In trabeculectomy, a flap is first created in the sclera (the white part of the eye). Then a small opening is made into the eye to release fluid from the eye.
In trabeculectomy, a small flap is made in the sclera (the outer white coating of your eye). A filtration bleb, or reservoir, is created under the conjunctiva – the thin, filmy membrane that covers the white part of your eye. Once created, the bleb looks like a bump or blister on the white part of the eye above the iris, but the upper eyelid usually covers it. The aqueous humor can now drain through the flap made in the sclera and collect in the bleb, where the fluid will be absorbed into blood vessels around the eye. Eye pressure is effectively controlled in three out of four people who have trabeculectomy. Although regular follow-up visits with your doctor are still necessary, many patients no longer need to use eyedrops. If the new drainage channel closes or too much fluid begins to drain from the eye, additional surgery may be needed.
AQUEOUS SHUNT SURGERY
If trabeculectomy cannot be performed, aqueous shunt surgery is usually successful in lowering eye pressure.

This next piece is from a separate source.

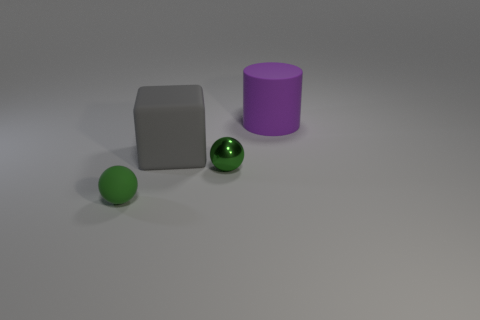How many green spheres must be subtracted to get 1 green spheres? 1 Subtract 1 cylinders. How many cylinders are left? 0 Subtract all green cylinders. Subtract all green blocks. How many cylinders are left? 1 Subtract all small gray rubber cubes. Subtract all green metal objects. How many objects are left? 3 Add 2 tiny metal objects. How many tiny metal objects are left? 3 Add 2 matte cubes. How many matte cubes exist? 3 Add 4 small matte objects. How many objects exist? 8 Subtract 0 yellow balls. How many objects are left? 4 Subtract all cubes. How many objects are left? 3 
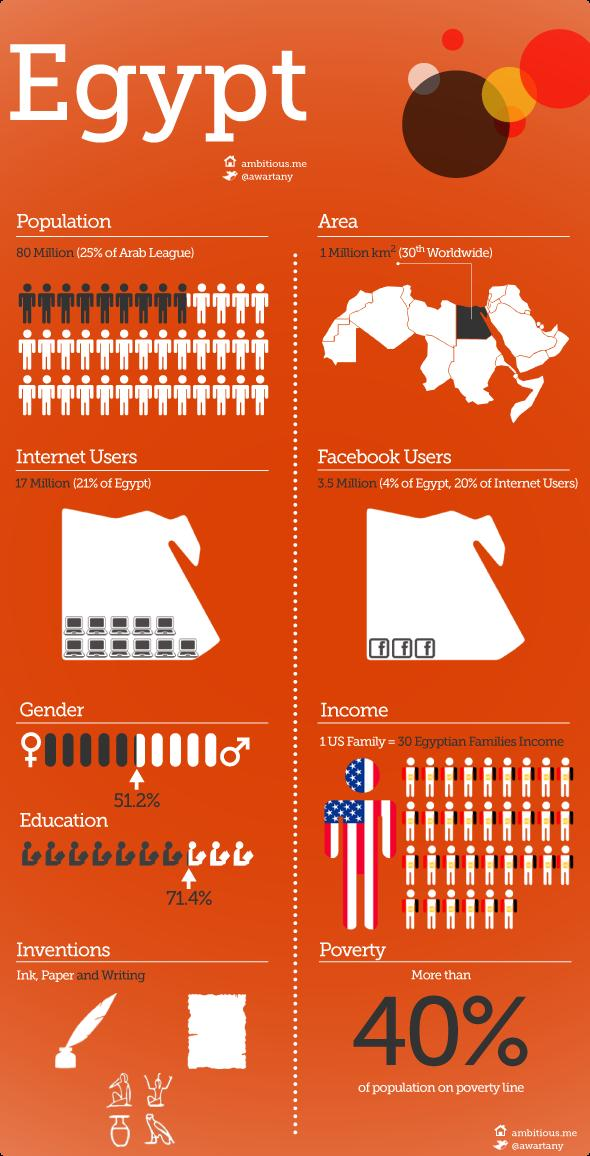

An aqueous shunt is a small plastic tube or valve connected on one end to a reservoir (a roundish or oval plate). The shunt is an artificial drainage device and is implanted in the eye through a tiny incision. The shunt redirects aqueous humor to an area beneath the conjunctiva (the thin membrane that covers the inside of your eyelids and the white part of your eye). The fluid is then absorbed into the blood vessels. When healed, the reservoir is not easily seen unless you look downward and lift your eyelid.